As operational experience is gained with the first unit (where two nuclear reactors feed one steam turbine), the developers will be building more boilers and installing them in configurations of six to twelve boilers providing steam to a single steam turbine.

China will replace coal burners with these high temperature nuclear units

In some cases, these nuclear boiler installations will be part of entirely new power stations. The more intriguing aspect of the concept, however, is the fact that the high temperature atomic boilers produce steam conditions that are identical to the design conditions for a large series of modern, 600 MWe steam plants that currently use coal as the heat source.

On March 20, 2016, the first of two reactor pressure vessels was installed at the demonstration HTR-PM high-temperature gas-cooled reactor unit under construction at Shidaowan in China’s Shandong province. The twin-reactor unit is scheduled to start up next year. The vessel – about 25 meters in height and weighing about 700 tonnes – was manufactured by Shanghai Electric Nuclear Power Equipment. It successfully completed factory acceptance on 29 February and was dispatched from the manufacturing plant on 2 March. The pressure vessel arrived at the Shidaowan site on 10 March, plant owner China Huaneng Group announced the following day.

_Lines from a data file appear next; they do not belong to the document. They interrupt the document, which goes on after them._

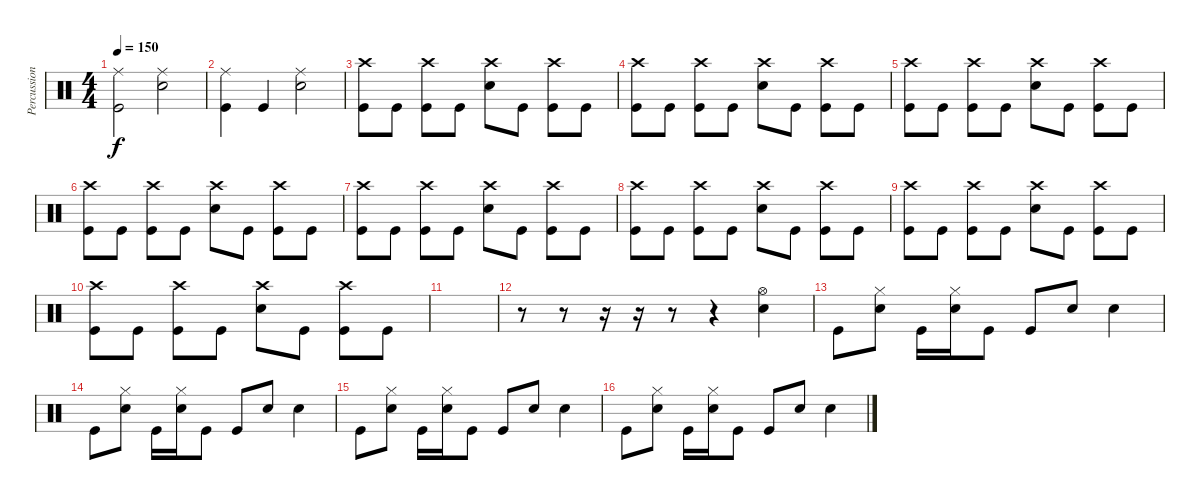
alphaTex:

\track ("Percussion" "Percussion") {instrument percussion}
\staff {score}
\articulation defaults
\ts (4 4)
\tempo 150
\clef neutral
\ks c
("Ride (middle)" "Kick (hit)").2{dy f} ("Ride (middle)" "Electric Snare (hit)").2 |
("Ride (middle)" "Kick (hit)").4 "Kick (hit)".4 ("Ride (middle)" "Electric Snare (hit)").2 |
("Crash high (hit)" "Kick (hit)").8 "Kick (hit)".8 ("Crash high (hit)" "Kick (hit)").8 "Kick (hit)".8 ("Crash high (hit)" "Electric Snare (hit)").8 "Kick (hit)".8 ("Crash high (hit)" "Kick (hit)").8 "Kick (hit)".8 |
("Crash high (hit)" "Kick (hit)").8 "Kick (hit)".8 ("Crash high (hit)" "Kick (hit)").8 "Kick (hit)".8 ("Crash high (hit)" "Electric Snare (hit)").8 "Kick (hit)".8 ("Crash high (hit)" "Kick (hit)").8 "Kick (hit)".8 |
("Crash high (hit)" "Kick (hit)").8 "Kick (hit)".8 ("Crash high (hit)" "Kick (hit)").8 "Kick (hit)".8 ("Crash high (hit)" "Electric Snare (hit)").8 "Kick (hit)".8 ("Crash high (hit)" "Kick (hit)").8 "Kick (hit)".8 |
("Crash high (hit)" "Kick (hit)").8 "Kick (hit)".8 ("Crash high (hit)" "Kick (hit)").8 "Kick (hit)".8 ("Crash high (hit)" "Electric Snare (hit)").8 "Kick (hit)".8 ("Crash high (hit)" "Kick (hit)").8 "Kick (hit)".8 |
("Crash high (hit)" "Kick (hit)").8 "Kick (hit)".8 ("Crash high (hit)" "Kick (hit)").8 "Kick (hit)".8 ("Crash high (hit)" "Electric Snare (hit)").8 "Kick (hit)".8 ("Crash high (hit)" "Kick (hit)").8 "Kick (hit)".8 |
("Crash high (hit)" "Kick (hit)").8 "Kick (hit)".8 ("Crash high (hit)" "Kick (hit)").8 "Kick (hit)".8 ("Crash high (hit)" "Electric Snare (hit)").8 "Kick (hit)".8 ("Crash high (hit)" "Kick (hit)").8 "Kick (hit)".8 |
("Crash high (hit)" "Kick (hit)").8 "Kick (hit)".8 ("Crash high (hit)" "Kick (hit)").8 "Kick (hit)".8 ("Crash high (hit)" "Electric Snare (hit)").8 "Kick (hit)".8 ("Crash high (hit)" "Kick (hit)").8 "Kick (hit)".8 |
("Crash high (hit)" "Kick (hit)").8 "Kick (hit)".8 ("Crash high (hit)" "Kick (hit)").8 "Kick (hit)".8 ("Crash high (hit)" "Electric Snare (hit)").8 "Kick (hit)".8 ("Crash high (hit)" "Kick (hit)").8 "Kick (hit)".8 |
|
r.8 r.8 r.16 r.16 r.8 r.4 ("Hi-Hat (open)" "Electric Snare (hit)").4 |
"Kick (hit)".8 ("Hi-Hat (closed)" "Electric Snare (hit)").8 "Kick (hit)".16 ("Hi-Hat (closed)" "Electric Snare (hit)").16 "Kick (hit)".8 "Kick (hit)".8 "Electric Snare (hit)".8 "Electric Snare (hit)".4 |
"Kick (hit)".8 ("Hi-Hat (closed)" "Electric Snare (hit)").8 "Kick (hit)".16 ("Hi-Hat (closed)" "Electric Snare (hit)").16 "Kick (hit)".8 "Kick (hit)".8 "Electric Snare (hit)".8 "Electric Snare (hit)".4 |
"Kick (hit)".8 ("Hi-Hat (closed)" "Electric Snare (hit)").8 "Kick (hit)".16 ("Hi-Hat (closed)" "Electric Snare (hit)").16 "Kick (hit)".8 "Kick (hit)".8 "Electric Snare (hit)".8 "Electric Snare (hit)".4 |
"Kick (hit)".8 ("Hi-Hat (closed)" "Electric Snare (hit)").8 "Kick (hit)".16 ("Hi-Hat (closed)" "Electric Snare (hit)").16 "Kick (hit)".8 "Kick (hit)".8 "Electric Snare (hit)".8 "Electric Snare (hit)".4
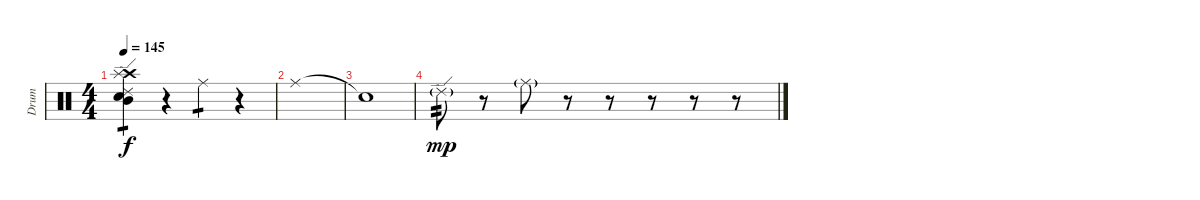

A proposal to construct two 600 MWe HTR plants – each featuring three twin reactor and turbine units – at Ruijin city in China’s Jiangxi province passed a preliminary feasibility review in early 2015. The design of the Ruijin HTRs is based on the smaller Shidaowan demonstration HTR-PM. Construction of the Ruijin reactors is expected to start next year, with grid connection in 2021.

Replacing coal

During the question and answer period, Prof. Zhang Zuoyi responded to my questions by confirming that some of the pebble-bed atomic boilers will be installed as replacement heat sources for existing steam plants. Those installations will be able to take advantage of the switchyards, the installed transmission networks, the cooling water systems, the sites and in some cases the entire steam plant including the steam turbine

The priority for replacing coal boilers with nuclear boilers will be at power plants in areas with major pollution problems. Those plants are often located very close to population centers; that reality is one of the reasons that China has invested in developing reactors that can be tested and proven to be safe.

The HTR-PM modules can withstand complete loss of pressurization and helium flow without a forced shutdown and still not release enough radioactive materials to exceed the very conservative dose limits in place today.

China started building its first supercritical coal plant in 2001. Construction of a first reference plant was Yaomeng power plant.

China currently has over 900,000MW of coal-fired capacity, the equivalent of about 1,300 large coal-fired units. The actual number of coal plants is more as there are smaller 100, 200 and 300 MW plants as well as 600 MW and 1000MW

Sourcewatch has a list of existing coal plants in China. Most of the coal plants completed after 2007 are supercritical plants. About one third of China’s coal power is ultracritical or supercritical plants.

China has another 200,000MW of coal-fired capacity under construction, and a new Greenpeace analysis has identified a further 150,000MW of projects potentially able to enter construction.

Converting to nuclear power for just the burner could be done for 300-400 plants at the cost of about $1.2 billion for each that is about 600MW in size. This could be achievable by about 2040.

Cost And Value

The overall cost of this first of a kind nuclear plant will be in the neighborhood of $5000.00/kw of capacity. That number is based on signed and mostly executed contracts, not early estimates. It is about twice the initially expected cost. According to Zhang Zuoyi, 35% of the increased cost could be attributed to higher material and component costs that initially budgeted, 31% of the increase was due to increases in labor costs — which Zhang Zuoyi noted were rising rapidly in China — and the remainder due to the increased costs associated with the project delays.

Zhang Zuoyi described the techniques that will be applied to lower the costs; he expects them to soon approach the $2,000 to $2,500 / kw capacity range.